**Data records**
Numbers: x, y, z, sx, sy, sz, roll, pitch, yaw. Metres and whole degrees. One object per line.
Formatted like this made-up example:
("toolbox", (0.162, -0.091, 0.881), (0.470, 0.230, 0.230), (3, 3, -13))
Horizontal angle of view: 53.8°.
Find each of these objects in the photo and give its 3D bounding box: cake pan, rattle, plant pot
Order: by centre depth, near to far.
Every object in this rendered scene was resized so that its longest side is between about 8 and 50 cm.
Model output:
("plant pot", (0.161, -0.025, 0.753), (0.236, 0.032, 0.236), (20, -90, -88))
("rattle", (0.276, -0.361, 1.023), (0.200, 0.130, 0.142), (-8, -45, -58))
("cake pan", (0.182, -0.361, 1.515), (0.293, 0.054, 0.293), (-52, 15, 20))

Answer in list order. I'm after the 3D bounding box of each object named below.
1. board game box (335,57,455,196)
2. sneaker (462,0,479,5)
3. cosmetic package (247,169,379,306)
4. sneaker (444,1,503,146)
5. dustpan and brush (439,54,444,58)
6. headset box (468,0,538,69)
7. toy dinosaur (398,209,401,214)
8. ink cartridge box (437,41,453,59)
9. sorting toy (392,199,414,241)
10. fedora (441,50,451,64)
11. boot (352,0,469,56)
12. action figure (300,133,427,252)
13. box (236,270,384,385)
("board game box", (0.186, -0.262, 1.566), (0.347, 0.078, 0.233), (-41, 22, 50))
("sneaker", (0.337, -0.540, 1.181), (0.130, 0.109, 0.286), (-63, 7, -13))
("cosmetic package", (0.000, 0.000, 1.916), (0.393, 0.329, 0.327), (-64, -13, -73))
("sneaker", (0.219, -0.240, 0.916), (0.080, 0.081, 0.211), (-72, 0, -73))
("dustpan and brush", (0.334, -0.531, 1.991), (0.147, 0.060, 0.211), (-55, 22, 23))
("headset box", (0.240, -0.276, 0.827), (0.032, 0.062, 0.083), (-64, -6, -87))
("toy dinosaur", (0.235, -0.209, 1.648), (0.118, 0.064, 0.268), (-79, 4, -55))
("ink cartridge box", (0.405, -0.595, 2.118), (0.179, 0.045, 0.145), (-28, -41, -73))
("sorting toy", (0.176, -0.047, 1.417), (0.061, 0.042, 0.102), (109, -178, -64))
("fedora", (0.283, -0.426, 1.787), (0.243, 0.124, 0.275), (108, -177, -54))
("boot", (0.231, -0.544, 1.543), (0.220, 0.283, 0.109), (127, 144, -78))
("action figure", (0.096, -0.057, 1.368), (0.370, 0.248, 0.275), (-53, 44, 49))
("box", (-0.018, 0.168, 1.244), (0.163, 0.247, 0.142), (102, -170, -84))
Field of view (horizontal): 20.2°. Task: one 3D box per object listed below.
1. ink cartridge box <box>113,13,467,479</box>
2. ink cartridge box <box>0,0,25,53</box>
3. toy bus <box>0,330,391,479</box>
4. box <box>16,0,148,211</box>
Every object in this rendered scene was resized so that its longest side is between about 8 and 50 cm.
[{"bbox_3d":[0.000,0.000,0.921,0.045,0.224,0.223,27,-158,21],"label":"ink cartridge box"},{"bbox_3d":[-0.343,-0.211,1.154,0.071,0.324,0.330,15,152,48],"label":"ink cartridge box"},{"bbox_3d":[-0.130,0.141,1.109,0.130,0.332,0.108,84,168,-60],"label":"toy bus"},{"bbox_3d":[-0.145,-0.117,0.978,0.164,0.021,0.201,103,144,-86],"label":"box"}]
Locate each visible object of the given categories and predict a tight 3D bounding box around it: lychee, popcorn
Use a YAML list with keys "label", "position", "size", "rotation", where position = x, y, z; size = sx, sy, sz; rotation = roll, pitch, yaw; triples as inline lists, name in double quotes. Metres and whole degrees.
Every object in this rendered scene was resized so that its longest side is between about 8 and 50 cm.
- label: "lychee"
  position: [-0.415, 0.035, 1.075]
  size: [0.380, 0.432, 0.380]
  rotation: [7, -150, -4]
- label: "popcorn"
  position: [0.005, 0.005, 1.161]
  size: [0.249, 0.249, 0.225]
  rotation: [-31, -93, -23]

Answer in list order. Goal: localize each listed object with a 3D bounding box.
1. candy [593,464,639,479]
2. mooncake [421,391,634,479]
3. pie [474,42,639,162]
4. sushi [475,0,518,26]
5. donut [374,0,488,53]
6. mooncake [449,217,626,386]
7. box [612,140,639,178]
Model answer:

**Description of the task**
Repeat back the material above verbatim, including every line.

**Problem solution**
Numbers: x, y, z, sx, sy, sz, roll, pitch, yaw. Metres and whole degrees. One object per line.
Formatted like this made-up example:
("toolbox", (0.162, -0.091, 0.881), (0.470, 0.230, 0.230), (3, 3, -13))
Horizontal angle of view: 53.8°.
Find each of these objects in the photo and give its 3D bounding box: cake pan, rattle, plant pot
Order: by centre depth, near to far.
Every object in this rendered scene was resized so that its longest side is between about 8 and 50 cm.
Model output:
("plant pot", (0.161, -0.025, 0.753), (0.236, 0.032, 0.236), (20, -90, -88))
("rattle", (0.276, -0.361, 1.023), (0.200, 0.130, 0.142), (-8, -45, -58))
("cake pan", (0.182, -0.361, 1.515), (0.293, 0.054, 0.293), (-52, 15, 20))

Answer in list order. I'm after the 3D bounding box of each object named below.
1. board game box (335,57,455,196)
2. sneaker (462,0,479,5)
3. cosmetic package (247,169,379,306)
4. sneaker (444,1,503,146)
5. dustpan and brush (439,54,444,58)
6. headset box (468,0,538,69)
7. toy dinosaur (398,209,401,214)
8. ink cartridge box (437,41,453,59)
9. sorting toy (392,199,414,241)
10. fedora (441,50,451,64)
11. boot (352,0,469,56)
12. action figure (300,133,427,252)
13. box (236,270,384,385)
("board game box", (0.186, -0.262, 1.566), (0.347, 0.078, 0.233), (-41, 22, 50))
("sneaker", (0.337, -0.540, 1.181), (0.130, 0.109, 0.286), (-63, 7, -13))
("cosmetic package", (0.000, 0.000, 1.916), (0.393, 0.329, 0.327), (-64, -13, -73))
("sneaker", (0.219, -0.240, 0.916), (0.080, 0.081, 0.211), (-72, 0, -73))
("dustpan and brush", (0.334, -0.531, 1.991), (0.147, 0.060, 0.211), (-55, 22, 23))
("headset box", (0.240, -0.276, 0.827), (0.032, 0.062, 0.083), (-64, -6, -87))
("toy dinosaur", (0.235, -0.209, 1.648), (0.118, 0.064, 0.268), (-79, 4, -55))
("ink cartridge box", (0.405, -0.595, 2.118), (0.179, 0.045, 0.145), (-28, -41, -73))
("sorting toy", (0.176, -0.047, 1.417), (0.061, 0.042, 0.102), (109, -178, -64))
("fedora", (0.283, -0.426, 1.787), (0.243, 0.124, 0.275), (108, -177, -54))
("boot", (0.231, -0.544, 1.543), (0.220, 0.283, 0.109), (127, 144, -78))
("action figure", (0.096, -0.057, 1.368), (0.370, 0.248, 0.275), (-53, 44, 49))
("box", (-0.018, 0.168, 1.244), (0.163, 0.247, 0.142), (102, -170, -84))
Field of view (horizontal): 20.2°. Task: one 3D box per object listed below.
1. ink cartridge box <box>113,13,467,479</box>
2. ink cartridge box <box>0,0,25,53</box>
3. toy bus <box>0,330,391,479</box>
4. box <box>16,0,148,211</box>
Every object in this rendered scene was resized so that its longest side is between about 8 and 50 cm.
[{"bbox_3d":[0.000,0.000,0.921,0.045,0.224,0.223,27,-158,21],"label":"ink cartridge box"},{"bbox_3d":[-0.343,-0.211,1.154,0.071,0.324,0.330,15,152,48],"label":"ink cartridge box"},{"bbox_3d":[-0.130,0.141,1.109,0.130,0.332,0.108,84,168,-60],"label":"toy bus"},{"bbox_3d":[-0.145,-0.117,0.978,0.164,0.021,0.201,103,144,-86],"label":"box"}]
Locate each visible object of the given categories and predict a tight 3D bounding box around it: lychee, popcorn
Use a YAML list with keys "label", "position", "size", "rotation", where position = x, y, z; size = sx, sy, sz; rotation = roll, pitch, yaw; triples as inline lists, name in double quotes. Metres and whole degrees.
Every object in this rendered scene was resized so that its longest side is between about 8 and 50 cm.
- label: "lychee"
  position: [-0.415, 0.035, 1.075]
  size: [0.380, 0.432, 0.380]
  rotation: [7, -150, -4]
- label: "popcorn"
  position: [0.005, 0.005, 1.161]
  size: [0.249, 0.249, 0.225]
  rotation: [-31, -93, -23]

Answer in list order. Goal: localize each listed object with a 3D bounding box.
1. candy [593,464,639,479]
2. mooncake [421,391,634,479]
3. pie [474,42,639,162]
4. sushi [475,0,518,26]
5. donut [374,0,488,53]
6. mooncake [449,217,626,386]
7. box [612,140,639,178]
Model answer:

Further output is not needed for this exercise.